**ABOUT THIS TASK**
Among the following entries, how many lines hold the string "from"? State only the number.

**DATA PROVIDED**
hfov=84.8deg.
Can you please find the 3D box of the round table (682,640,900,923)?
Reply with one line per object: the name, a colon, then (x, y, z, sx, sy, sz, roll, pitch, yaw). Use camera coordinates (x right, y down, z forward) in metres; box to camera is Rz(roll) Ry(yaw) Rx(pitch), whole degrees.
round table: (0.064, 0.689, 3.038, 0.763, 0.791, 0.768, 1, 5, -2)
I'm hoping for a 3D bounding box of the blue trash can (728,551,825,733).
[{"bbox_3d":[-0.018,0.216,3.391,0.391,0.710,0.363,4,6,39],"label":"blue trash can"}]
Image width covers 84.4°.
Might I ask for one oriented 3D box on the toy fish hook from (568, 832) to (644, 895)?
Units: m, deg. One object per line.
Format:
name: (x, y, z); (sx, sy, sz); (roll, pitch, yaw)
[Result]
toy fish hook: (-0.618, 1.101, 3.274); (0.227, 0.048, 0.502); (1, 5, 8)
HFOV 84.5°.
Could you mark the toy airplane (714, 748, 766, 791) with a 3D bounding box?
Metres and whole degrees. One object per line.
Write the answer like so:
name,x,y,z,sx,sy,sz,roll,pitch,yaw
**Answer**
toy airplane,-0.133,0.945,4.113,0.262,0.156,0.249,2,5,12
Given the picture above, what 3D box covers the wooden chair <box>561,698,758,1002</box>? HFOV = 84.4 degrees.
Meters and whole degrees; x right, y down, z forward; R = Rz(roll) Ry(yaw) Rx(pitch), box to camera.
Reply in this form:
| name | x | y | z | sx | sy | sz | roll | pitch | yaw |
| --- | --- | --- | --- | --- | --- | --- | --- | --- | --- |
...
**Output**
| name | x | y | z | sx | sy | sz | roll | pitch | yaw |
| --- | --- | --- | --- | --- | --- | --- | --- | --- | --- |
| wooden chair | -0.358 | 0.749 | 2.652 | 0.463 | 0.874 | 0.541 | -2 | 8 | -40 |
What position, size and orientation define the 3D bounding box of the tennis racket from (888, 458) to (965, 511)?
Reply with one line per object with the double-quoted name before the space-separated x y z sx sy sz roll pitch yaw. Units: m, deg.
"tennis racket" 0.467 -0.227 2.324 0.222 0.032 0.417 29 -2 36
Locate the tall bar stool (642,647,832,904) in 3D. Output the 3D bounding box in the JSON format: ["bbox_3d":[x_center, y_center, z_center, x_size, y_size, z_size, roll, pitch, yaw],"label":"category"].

**WRITTEN RESPONSE**
2